ISPMEC stands for Interaction Specificity in Protein Complexe of Metals and Energetic Compounds . It is simple web based tool, which calculates the atomic interactions between Ligand and Protein molecule.
The understanding of noncovalent interactions in protein ligand complexes is essential for
better understanding of the physical nature of molecular recognition and should contribute toward the discovery of new compounds or molecules with desired interaction specificity.
The main objective behind the development of ISPMEC was to have some tool which could provide the detail insight of interaction profile of each ligand associated to the given protein-complexes of metal or energetic compound.
How it works
Upon selecting the given Protein-Ligand Complex, it determines the available ligand types and chains in the selected complex. User can select different options to evaluate the interactions specificity of ligand in the complex. The result table contain the details of each atomic interaction between ligand and protein molecule in the given protein complex.

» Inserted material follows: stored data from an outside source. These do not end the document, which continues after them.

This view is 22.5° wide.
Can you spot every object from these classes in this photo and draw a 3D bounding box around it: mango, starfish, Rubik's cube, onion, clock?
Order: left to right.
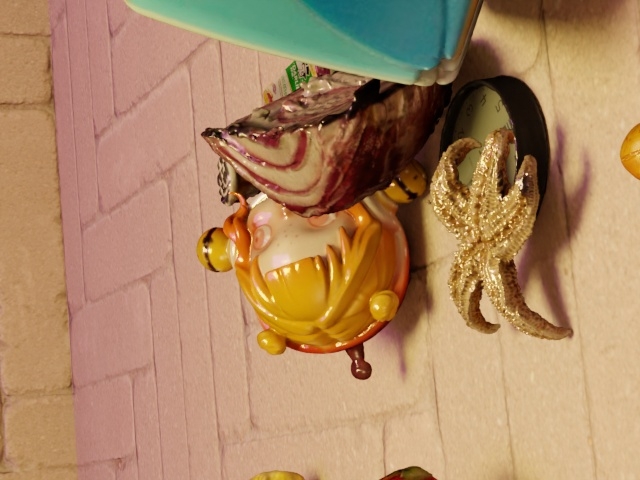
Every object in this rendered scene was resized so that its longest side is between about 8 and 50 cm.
[{"bbox_3d":[0.018,-0.372,1.577,0.347,0.352,0.352,-66,-12,-71],"label":"Rubik's cube"},{"bbox_3d":[0.049,-0.128,1.828,0.314,0.280,0.146,-6,109,62],"label":"onion"},{"bbox_3d":[0.184,-0.087,1.740,0.184,0.040,0.184,179,90,-67],"label":"clock"},{"bbox_3d":[0.179,0.007,1.655,0.216,0.071,0.238,55,150,36],"label":"starfish"},{"bbox_3d":[0.305,-0.083,1.440,0.089,0.046,0.060,-28,65,61],"label":"mango"}]

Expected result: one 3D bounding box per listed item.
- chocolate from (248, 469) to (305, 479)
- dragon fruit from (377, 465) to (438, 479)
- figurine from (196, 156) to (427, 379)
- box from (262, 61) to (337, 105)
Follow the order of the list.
[{"bbox_3d":[-0.039,0.529,2.168,0.162,0.162,0.445,131,134,-59],"label":"chocolate"},{"bbox_3d":[0.098,0.378,1.725,0.302,0.231,0.237,121,150,-42],"label":"dragon fruit"},{"bbox_3d":[0.002,0.000,1.989,0.320,0.196,0.323,-20,55,25],"label":"figurine"},{"bbox_3d":[-0.028,-0.216,2.247,0.207,0.041,0.049,147,119,-65],"label":"box"}]
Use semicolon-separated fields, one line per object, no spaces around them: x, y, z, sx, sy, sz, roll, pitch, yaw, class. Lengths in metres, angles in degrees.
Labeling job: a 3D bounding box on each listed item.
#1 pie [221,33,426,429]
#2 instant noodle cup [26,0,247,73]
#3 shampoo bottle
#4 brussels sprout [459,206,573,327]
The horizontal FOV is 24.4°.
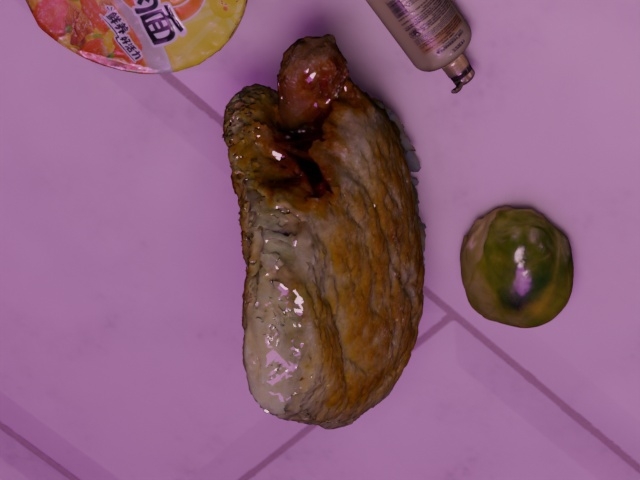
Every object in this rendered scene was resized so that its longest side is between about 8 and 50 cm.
0.003;0.026;1.682;0.180;0.418;0.395;-4;157;21;pie
-0.183;-0.340;1.624;0.264;0.200;0.264;6;125;9;instant noodle cup
0.123;-0.244;1.693;0.079;0.079;0.162;-28;114;28;shampoo bottle
0.241;0.044;1.833;0.151;0.122;0.149;37;121;-13;brussels sprout
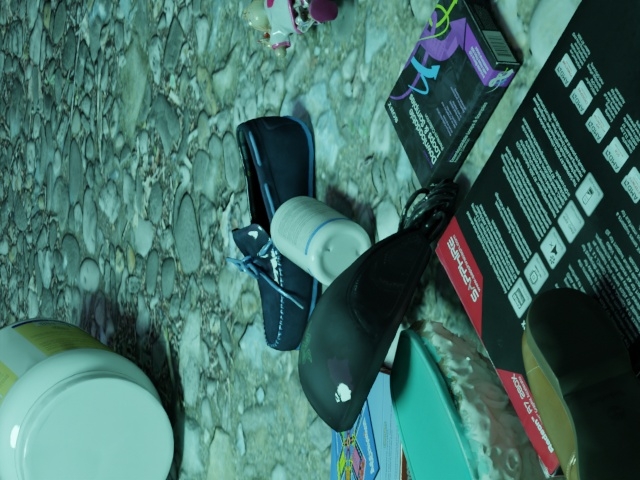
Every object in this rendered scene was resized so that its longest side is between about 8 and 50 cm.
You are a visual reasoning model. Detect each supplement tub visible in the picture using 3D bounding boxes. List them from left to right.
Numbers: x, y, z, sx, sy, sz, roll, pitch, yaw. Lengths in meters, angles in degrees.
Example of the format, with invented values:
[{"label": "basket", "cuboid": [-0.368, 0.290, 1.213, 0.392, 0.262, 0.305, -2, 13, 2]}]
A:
[{"label": "supplement tub", "cuboid": [-0.356, 0.251, 1.972, 0.331, 0.241, 0.241, 19, 106, 62]}, {"label": "supplement tub", "cuboid": [0.000, 0.000, 1.458, 0.107, 0.071, 0.071, 36, 121, 58]}]

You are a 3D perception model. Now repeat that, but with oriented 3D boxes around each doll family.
[{"label": "doll family", "cuboid": [-0.034, -0.335, 1.520, 0.163, 0.118, 0.262, 1, 108, 57]}]

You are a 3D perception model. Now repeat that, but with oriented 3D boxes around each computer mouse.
[{"label": "computer mouse", "cuboid": [0.035, 0.061, 1.223, 0.272, 0.072, 0.188, -59, -7, -59]}]

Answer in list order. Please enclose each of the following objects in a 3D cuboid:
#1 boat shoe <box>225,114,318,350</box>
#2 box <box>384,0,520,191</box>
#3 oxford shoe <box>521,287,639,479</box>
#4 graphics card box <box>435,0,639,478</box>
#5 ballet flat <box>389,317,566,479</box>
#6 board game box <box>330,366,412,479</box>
[{"label": "boat shoe", "cuboid": [-0.062, -0.006, 1.559, 0.109, 0.089, 0.258, -22, 70, 62]}, {"label": "box", "cuboid": [0.115, -0.139, 1.279, 0.162, 0.029, 0.116, 116, 144, -42]}, {"label": "oxford shoe", "cuboid": [0.186, 0.137, 0.919, 0.076, 0.076, 0.212, 98, 159, -57]}, {"label": "graphics card box", "cuboid": [0.225, -0.034, 0.984, 0.371, 0.094, 0.232, -65, 36, 41]}, {"label": "ballet flat", "cuboid": [0.162, 0.241, 1.067, 0.147, 0.147, 0.408, 120, 143, -45]}, {"label": "board game box", "cuboid": [0.051, 0.264, 1.398, 0.145, 0.027, 0.281, 8, 96, 62]}]
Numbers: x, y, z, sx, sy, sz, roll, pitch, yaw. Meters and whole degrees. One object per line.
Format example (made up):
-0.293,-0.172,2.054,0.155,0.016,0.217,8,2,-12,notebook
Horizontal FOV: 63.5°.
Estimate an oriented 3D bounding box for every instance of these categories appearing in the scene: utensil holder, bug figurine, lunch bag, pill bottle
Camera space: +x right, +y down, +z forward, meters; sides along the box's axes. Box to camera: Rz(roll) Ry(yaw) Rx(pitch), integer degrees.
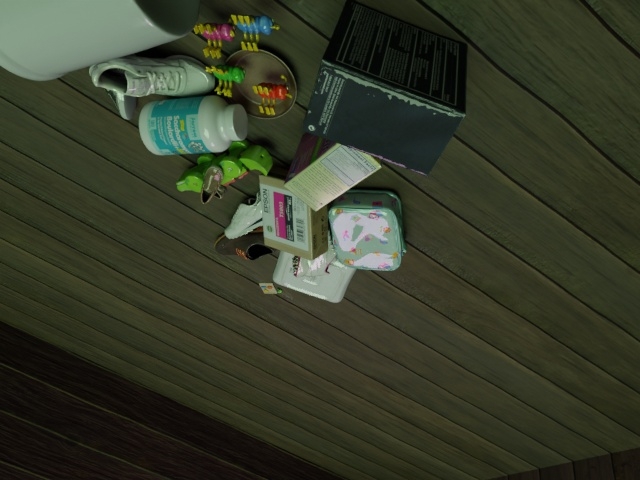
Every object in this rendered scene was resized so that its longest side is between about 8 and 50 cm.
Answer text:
-0.497,-0.536,1.079,0.385,0.328,0.328,-5,134,21,utensil holder
-0.177,-0.429,1.212,0.216,0.072,0.279,14,151,15,bug figurine
0.151,-0.028,1.588,0.223,0.108,0.279,0,136,15,lunch bag
-0.328,-0.302,1.359,0.263,0.146,0.146,0,136,18,pill bottle

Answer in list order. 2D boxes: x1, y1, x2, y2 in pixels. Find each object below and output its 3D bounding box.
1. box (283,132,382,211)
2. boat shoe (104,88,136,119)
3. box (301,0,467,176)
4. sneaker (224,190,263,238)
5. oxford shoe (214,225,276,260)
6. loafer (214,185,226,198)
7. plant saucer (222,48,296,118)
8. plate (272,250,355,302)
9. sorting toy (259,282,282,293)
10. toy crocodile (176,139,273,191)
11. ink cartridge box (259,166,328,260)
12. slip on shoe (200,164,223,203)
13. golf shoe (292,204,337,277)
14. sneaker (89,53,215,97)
0.044,-0.230,1.321,0.117,0.214,0.243,38,134,-24,box
-0.553,-0.434,1.398,0.070,0.078,0.219,9,130,7,boat shoe
0.144,-0.331,1.117,0.293,0.296,0.183,19,138,-3,box
-0.239,-0.082,1.683,0.235,0.090,0.095,-27,110,33,sneaker
-0.261,0.018,1.774,0.271,0.098,0.097,-12,132,28,oxford shoe
-0.362,-0.172,1.644,0.125,0.039,0.045,23,138,-8,loafer
-0.153,-0.406,1.327,0.198,0.036,0.199,10,138,9,plant saucer
-0.026,0.119,1.852,0.277,0.045,0.277,19,139,-2,plate
-0.191,0.186,2.000,0.083,0.012,0.062,-1,135,19,sorting toy
-0.291,-0.207,1.526,0.340,0.115,0.105,-16,130,30,toy crocodile
-0.078,-0.080,1.520,0.193,0.088,0.235,16,121,33,ink cartridge box
-0.313,-0.157,1.469,0.051,0.041,0.135,24,138,-16,slip on shoe
0.000,0.000,1.667,0.140,0.115,0.306,9,131,-12,golf shoe
-0.420,-0.398,1.299,0.305,0.152,0.114,3,133,-16,sneaker
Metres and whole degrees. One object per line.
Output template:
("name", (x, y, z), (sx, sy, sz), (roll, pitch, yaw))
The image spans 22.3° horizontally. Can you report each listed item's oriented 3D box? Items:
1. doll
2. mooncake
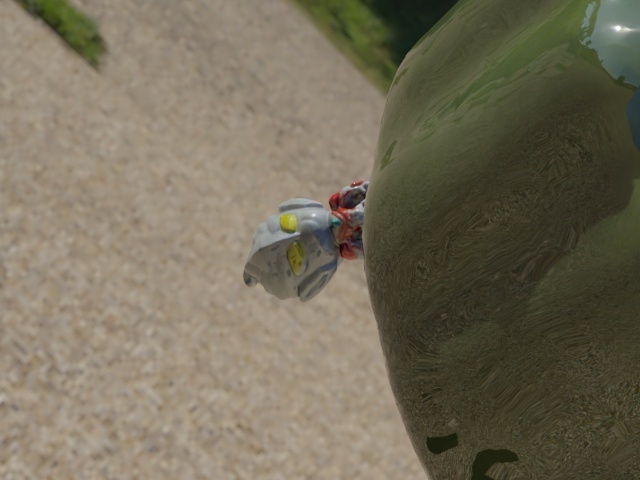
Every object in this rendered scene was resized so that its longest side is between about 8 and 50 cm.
("doll", (0.000, 0.000, 1.392), (0.079, 0.180, 0.094), (14, 58, -55))
("mooncake", (0.192, 0.019, 0.611), (0.351, 0.187, 0.351), (19, 56, -31))
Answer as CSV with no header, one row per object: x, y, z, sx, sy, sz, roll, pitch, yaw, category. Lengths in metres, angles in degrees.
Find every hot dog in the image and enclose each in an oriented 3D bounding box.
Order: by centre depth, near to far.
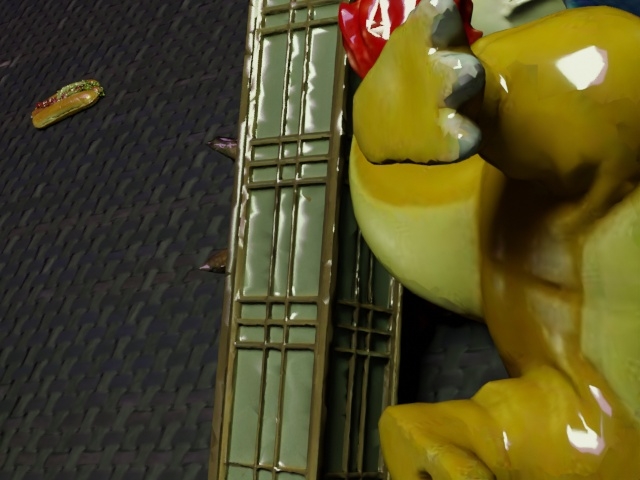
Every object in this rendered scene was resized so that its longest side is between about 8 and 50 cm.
-0.249,-0.135,1.132,0.083,0.021,0.037,-25,42,18,hot dog

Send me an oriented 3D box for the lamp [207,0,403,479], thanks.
0.000,0.000,0.648,0.089,0.090,0.325,-2,80,37,lamp

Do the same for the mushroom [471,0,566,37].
0.112,-0.287,0.794,0.315,0.356,0.315,-14,9,2,mushroom

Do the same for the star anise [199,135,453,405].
0.040,-0.014,0.741,0.272,0.102,0.271,-10,72,33,star anise

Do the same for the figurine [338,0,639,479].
0.195,-0.034,0.444,0.387,0.400,0.268,-8,-3,-15,figurine
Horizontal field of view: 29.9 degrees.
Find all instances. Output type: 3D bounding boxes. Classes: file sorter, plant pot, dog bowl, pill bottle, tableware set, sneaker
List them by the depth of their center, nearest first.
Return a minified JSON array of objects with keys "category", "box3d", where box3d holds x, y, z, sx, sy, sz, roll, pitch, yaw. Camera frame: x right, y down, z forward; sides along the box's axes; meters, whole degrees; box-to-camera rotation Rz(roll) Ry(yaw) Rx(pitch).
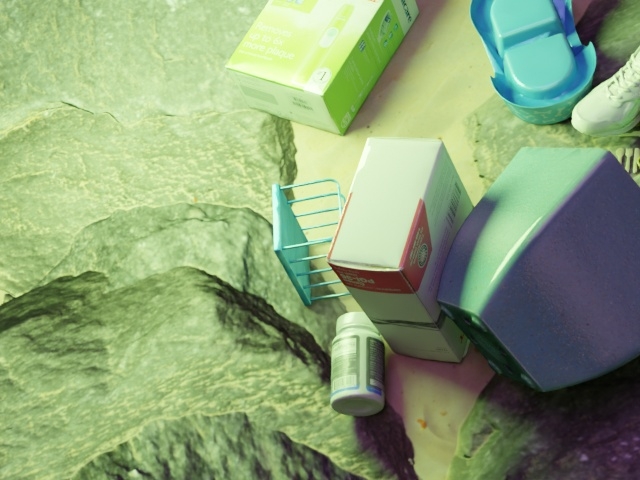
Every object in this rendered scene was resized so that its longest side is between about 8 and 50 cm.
[{"category":"plant pot","box3d":[0.302,0.053,1.558,0.252,0.248,0.247,-44,15,-9]},{"category":"pill bottle","box3d":[0.054,0.178,1.732,0.078,0.078,0.137,-8,57,16]},{"category":"sneaker","box3d":[0.472,-0.245,1.785,0.232,0.115,0.090,-32,55,-3]},{"category":"file sorter","box3d":[0.000,0.000,1.806,0.104,0.170,0.118,-11,57,11]},{"category":"tableware set","box3d":[0.502,-0.167,1.812,0.104,0.024,0.154,2,60,21]},{"category":"dog bowl","box3d":[0.344,-0.311,1.929,0.165,0.074,0.297,-18,56,9]}]

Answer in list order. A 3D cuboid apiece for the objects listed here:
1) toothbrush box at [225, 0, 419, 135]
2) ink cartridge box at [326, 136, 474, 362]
[{"category":"toothbrush box","box3d":[0.006,-0.345,2.046,0.206,0.122,0.283,21,68,29]},{"category":"ink cartridge box","box3d":[0.134,0.019,1.676,0.117,0.283,0.207,5,62,27]}]
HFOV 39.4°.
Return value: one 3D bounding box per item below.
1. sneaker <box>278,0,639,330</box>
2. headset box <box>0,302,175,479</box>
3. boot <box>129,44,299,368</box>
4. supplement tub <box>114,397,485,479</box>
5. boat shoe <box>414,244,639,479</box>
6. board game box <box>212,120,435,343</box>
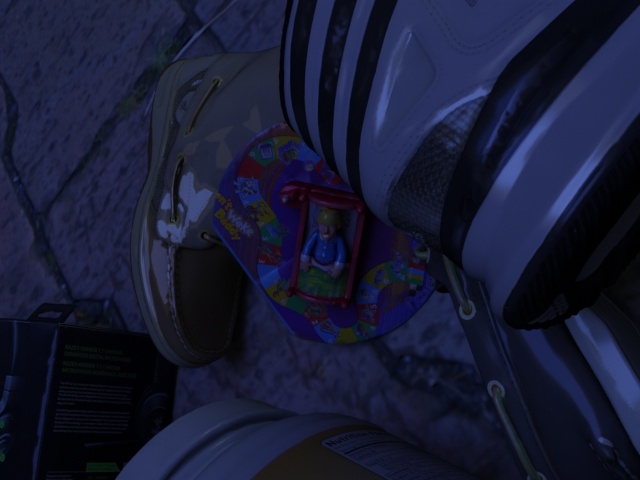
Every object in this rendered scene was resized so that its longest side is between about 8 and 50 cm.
[{"bbox_3d":[0.143,-0.200,0.445,0.257,0.169,0.447,38,86,27],"label":"sneaker"},{"bbox_3d":[-0.266,0.193,0.789,0.246,0.131,0.283,-3,78,39],"label":"headset box"},{"bbox_3d":[-0.041,-0.035,0.687,0.203,0.095,0.261,-8,72,36],"label":"boot"},{"bbox_3d":[0.036,0.228,0.470,0.316,0.228,0.228,18,91,40],"label":"supplement tub"},{"bbox_3d":[0.108,0.012,0.540,0.091,0.109,0.305,-35,64,23],"label":"boat shoe"},{"bbox_3d":[0.000,0.000,0.617,0.133,0.033,0.168,-33,97,18],"label":"board game box"}]

The interface is self explanatory and it only requires the PDB file containing at least one ligand. In the present tool, two methods have been implemented to analyze interaction specificity. The first method is based upon the connectivity records of the PDB format and the second methods is based upon the user-defined atomic distance (RMSD or Euclidian distance) for particular interaction. User can opt for different level of distance cut-offfor specific ligand and can analyze the interaction alternatives.The connectivity matrix based method calculates faster than RMSD based method.
By setting different cut-off distances, user can easily analyze various covalent and non-covalent interactions such as H-bond, Electrostatic, Van der Waals etc.,
The information on interaction profile of any ligand to its receptor is very useful for scientists working in the area of molecular recognition and further this profiling may be exploited for designing novel ligands with better interaction specificity.